__WORK ORDER__
All lines below containing "Continuous" are to be listed.

Stored dataset items
*** Block opens ***
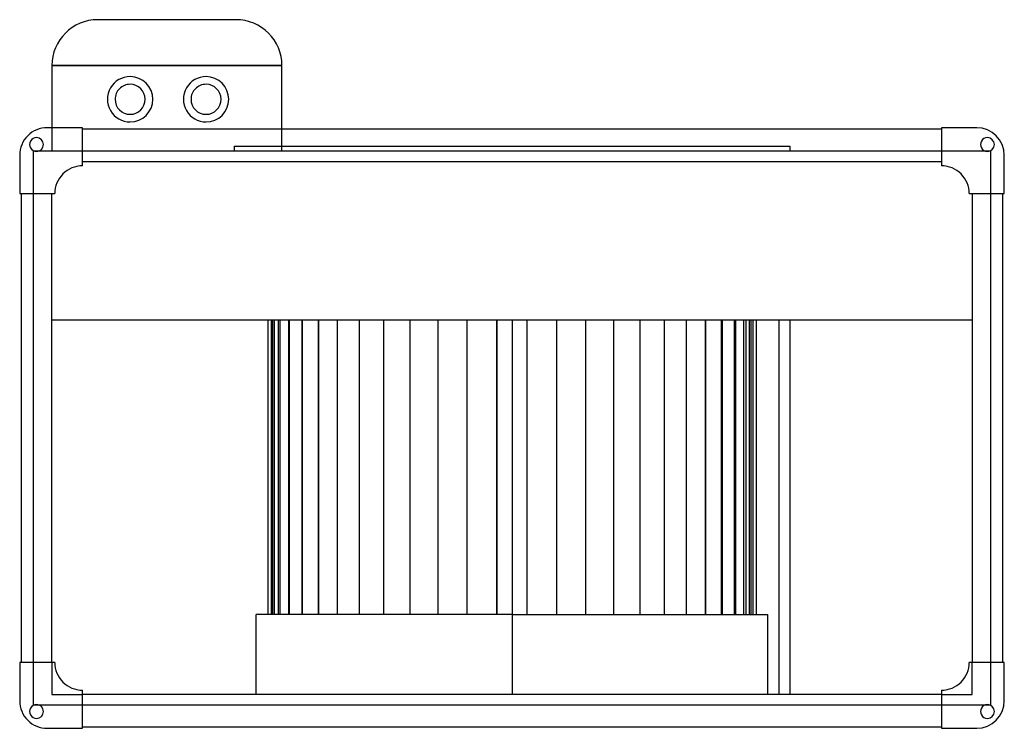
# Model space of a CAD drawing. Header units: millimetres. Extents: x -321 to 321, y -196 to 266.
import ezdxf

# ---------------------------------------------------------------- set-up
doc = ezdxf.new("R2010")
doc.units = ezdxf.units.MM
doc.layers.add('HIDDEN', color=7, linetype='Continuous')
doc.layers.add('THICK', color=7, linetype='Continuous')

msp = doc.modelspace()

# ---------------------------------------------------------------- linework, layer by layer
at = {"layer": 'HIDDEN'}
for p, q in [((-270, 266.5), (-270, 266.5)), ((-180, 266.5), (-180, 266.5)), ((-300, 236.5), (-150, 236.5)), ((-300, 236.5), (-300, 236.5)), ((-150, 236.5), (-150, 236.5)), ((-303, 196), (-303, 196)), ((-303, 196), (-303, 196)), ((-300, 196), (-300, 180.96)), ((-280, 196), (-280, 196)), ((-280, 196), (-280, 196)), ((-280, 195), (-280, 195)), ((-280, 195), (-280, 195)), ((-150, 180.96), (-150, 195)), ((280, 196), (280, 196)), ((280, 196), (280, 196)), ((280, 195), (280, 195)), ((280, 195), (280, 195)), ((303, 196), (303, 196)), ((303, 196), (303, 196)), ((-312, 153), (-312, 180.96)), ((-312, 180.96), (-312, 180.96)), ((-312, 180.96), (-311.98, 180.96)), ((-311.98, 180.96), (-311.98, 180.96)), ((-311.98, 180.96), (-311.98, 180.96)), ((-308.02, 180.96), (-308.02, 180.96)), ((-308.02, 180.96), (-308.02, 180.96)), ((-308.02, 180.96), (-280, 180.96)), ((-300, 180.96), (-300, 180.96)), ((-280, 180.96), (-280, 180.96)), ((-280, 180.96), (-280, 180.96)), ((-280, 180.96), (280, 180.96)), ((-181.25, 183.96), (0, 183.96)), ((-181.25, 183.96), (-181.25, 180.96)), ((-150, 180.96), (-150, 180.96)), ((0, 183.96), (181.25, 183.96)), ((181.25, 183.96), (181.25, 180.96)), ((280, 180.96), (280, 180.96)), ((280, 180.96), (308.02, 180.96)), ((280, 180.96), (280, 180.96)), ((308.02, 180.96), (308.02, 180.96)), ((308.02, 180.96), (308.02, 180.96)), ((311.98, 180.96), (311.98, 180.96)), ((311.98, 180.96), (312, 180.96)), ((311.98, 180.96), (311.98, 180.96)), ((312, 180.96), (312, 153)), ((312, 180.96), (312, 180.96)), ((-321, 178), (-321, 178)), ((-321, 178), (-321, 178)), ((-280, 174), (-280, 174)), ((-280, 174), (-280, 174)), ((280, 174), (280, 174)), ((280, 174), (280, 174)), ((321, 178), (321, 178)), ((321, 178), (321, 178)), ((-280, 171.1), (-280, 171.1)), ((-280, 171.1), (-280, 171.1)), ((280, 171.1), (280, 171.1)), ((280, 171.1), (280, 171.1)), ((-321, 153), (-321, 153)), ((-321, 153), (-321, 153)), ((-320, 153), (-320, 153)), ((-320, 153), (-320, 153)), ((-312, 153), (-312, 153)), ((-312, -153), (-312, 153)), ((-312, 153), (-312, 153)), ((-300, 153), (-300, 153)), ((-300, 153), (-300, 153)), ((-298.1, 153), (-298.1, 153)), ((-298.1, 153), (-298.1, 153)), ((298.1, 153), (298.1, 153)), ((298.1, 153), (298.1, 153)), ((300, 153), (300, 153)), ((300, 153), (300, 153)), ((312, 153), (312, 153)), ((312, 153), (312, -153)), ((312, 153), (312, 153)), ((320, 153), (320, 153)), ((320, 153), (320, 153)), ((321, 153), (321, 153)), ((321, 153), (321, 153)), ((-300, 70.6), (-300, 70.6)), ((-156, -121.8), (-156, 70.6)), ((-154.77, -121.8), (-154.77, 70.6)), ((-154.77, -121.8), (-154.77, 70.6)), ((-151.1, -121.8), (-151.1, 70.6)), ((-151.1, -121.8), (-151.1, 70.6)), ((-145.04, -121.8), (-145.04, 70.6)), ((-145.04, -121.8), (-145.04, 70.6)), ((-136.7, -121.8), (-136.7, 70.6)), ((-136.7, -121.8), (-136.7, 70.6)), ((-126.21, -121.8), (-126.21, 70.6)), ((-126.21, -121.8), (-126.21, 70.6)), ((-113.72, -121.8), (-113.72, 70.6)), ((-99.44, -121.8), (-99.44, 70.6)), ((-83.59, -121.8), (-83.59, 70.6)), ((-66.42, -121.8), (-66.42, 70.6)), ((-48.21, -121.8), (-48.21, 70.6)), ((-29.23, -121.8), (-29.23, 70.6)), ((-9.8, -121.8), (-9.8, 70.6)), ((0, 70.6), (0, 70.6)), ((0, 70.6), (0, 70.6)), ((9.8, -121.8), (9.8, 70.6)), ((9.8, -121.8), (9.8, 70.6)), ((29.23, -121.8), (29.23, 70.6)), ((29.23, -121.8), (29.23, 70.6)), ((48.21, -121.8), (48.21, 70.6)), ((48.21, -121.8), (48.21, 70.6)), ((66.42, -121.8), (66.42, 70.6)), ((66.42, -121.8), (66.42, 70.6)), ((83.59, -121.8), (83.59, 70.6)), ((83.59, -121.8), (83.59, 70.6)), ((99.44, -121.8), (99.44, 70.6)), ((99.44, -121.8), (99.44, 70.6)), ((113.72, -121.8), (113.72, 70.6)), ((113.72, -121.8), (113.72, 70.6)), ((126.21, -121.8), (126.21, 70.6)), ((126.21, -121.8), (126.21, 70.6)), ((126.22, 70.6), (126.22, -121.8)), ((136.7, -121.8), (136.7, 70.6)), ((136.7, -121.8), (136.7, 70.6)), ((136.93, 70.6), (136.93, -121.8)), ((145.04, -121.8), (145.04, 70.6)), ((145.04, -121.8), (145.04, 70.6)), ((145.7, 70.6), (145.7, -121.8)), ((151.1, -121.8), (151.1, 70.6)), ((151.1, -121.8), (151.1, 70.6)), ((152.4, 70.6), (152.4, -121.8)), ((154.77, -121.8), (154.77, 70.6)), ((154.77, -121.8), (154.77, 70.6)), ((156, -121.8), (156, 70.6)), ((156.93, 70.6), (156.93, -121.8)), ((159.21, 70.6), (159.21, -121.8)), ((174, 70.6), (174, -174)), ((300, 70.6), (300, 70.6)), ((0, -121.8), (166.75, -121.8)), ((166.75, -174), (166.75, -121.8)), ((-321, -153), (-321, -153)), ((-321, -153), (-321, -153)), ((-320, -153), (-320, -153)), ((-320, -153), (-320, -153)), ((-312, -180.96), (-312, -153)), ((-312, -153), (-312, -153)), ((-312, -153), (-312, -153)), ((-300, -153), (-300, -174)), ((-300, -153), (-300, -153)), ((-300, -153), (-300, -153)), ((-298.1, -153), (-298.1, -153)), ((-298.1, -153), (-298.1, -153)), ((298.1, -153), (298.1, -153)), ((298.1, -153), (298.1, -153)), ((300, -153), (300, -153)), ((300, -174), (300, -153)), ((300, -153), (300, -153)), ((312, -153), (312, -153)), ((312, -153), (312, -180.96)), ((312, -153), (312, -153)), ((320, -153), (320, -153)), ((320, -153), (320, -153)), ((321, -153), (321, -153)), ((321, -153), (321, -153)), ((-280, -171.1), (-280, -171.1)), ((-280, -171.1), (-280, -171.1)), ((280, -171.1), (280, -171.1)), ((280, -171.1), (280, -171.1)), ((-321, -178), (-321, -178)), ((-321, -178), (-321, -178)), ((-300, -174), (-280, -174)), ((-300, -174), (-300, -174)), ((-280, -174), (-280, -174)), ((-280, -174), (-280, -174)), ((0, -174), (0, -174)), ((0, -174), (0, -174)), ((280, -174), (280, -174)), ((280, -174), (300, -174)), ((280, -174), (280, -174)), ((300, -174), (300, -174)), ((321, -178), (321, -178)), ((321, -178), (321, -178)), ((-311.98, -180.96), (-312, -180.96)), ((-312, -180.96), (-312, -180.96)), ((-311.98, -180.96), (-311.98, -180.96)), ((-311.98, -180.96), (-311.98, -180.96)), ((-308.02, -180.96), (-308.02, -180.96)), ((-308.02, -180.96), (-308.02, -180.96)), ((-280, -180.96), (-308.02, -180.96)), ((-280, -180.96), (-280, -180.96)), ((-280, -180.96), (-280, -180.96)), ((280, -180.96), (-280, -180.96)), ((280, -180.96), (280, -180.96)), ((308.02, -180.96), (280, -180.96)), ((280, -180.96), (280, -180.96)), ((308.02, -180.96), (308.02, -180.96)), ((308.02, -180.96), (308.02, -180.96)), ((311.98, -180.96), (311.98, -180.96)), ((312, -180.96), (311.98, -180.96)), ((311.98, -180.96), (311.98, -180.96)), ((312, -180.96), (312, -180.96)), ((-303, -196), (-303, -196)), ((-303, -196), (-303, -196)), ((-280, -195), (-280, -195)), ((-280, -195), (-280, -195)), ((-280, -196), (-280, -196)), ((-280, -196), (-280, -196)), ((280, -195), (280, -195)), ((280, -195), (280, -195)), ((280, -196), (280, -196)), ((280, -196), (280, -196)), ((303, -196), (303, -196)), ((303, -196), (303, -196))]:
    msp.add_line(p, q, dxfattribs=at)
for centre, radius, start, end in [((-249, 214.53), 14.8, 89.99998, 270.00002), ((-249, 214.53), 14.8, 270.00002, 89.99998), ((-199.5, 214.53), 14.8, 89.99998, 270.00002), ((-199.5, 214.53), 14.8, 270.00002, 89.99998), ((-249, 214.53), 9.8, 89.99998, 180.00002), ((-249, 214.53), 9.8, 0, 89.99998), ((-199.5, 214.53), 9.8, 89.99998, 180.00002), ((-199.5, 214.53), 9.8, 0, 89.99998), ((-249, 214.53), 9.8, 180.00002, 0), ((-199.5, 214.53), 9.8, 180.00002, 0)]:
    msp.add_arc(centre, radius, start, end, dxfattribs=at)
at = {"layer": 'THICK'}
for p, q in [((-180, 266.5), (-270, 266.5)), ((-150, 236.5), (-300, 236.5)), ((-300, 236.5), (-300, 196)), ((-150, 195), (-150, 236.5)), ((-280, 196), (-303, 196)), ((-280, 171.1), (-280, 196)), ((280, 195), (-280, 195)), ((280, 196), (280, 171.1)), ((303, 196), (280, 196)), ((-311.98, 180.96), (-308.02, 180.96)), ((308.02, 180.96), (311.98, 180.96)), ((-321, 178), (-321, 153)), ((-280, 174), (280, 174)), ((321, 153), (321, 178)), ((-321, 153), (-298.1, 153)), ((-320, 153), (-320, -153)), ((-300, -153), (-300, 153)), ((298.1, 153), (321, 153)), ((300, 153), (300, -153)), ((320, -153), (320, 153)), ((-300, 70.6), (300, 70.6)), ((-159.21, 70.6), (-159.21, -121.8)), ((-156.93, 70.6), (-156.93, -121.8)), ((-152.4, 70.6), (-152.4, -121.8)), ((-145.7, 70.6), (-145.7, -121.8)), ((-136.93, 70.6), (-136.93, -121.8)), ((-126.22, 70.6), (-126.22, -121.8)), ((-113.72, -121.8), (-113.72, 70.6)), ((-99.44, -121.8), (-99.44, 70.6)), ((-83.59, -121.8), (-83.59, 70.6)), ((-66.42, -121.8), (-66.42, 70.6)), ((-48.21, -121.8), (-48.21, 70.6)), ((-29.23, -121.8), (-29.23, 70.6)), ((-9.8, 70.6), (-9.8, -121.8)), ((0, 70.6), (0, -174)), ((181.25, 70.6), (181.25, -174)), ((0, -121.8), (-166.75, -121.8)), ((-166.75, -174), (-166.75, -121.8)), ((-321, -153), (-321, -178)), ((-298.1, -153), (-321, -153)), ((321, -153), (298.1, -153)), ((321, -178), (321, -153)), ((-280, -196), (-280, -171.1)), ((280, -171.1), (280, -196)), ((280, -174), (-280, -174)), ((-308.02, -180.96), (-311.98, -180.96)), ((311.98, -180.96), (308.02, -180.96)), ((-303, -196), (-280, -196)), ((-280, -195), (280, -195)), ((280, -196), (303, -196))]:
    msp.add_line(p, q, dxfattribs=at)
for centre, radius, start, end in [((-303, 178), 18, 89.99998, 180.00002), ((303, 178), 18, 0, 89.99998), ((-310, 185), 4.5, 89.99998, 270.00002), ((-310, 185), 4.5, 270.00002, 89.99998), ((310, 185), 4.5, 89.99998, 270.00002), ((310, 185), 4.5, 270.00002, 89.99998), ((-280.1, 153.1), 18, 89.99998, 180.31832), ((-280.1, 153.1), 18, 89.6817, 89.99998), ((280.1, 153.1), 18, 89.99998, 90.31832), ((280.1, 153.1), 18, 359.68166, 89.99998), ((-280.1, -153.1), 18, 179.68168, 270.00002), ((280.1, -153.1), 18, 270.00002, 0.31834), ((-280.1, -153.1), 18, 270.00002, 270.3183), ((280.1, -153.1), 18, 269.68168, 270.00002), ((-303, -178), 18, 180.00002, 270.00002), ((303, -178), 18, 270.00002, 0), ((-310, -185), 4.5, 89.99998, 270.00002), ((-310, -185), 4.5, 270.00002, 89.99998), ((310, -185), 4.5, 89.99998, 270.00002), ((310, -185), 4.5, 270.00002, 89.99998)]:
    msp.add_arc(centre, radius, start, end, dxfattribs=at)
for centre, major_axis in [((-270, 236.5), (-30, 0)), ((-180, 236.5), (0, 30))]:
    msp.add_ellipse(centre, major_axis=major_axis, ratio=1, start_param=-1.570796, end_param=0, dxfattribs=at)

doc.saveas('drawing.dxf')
*** Block closes ***
__TASK SOLUTION__
doc.layers.add('HIDDEN', color=7, linetype='Continuous')
doc.layers.add('THICK', color=7, linetype='Continuous')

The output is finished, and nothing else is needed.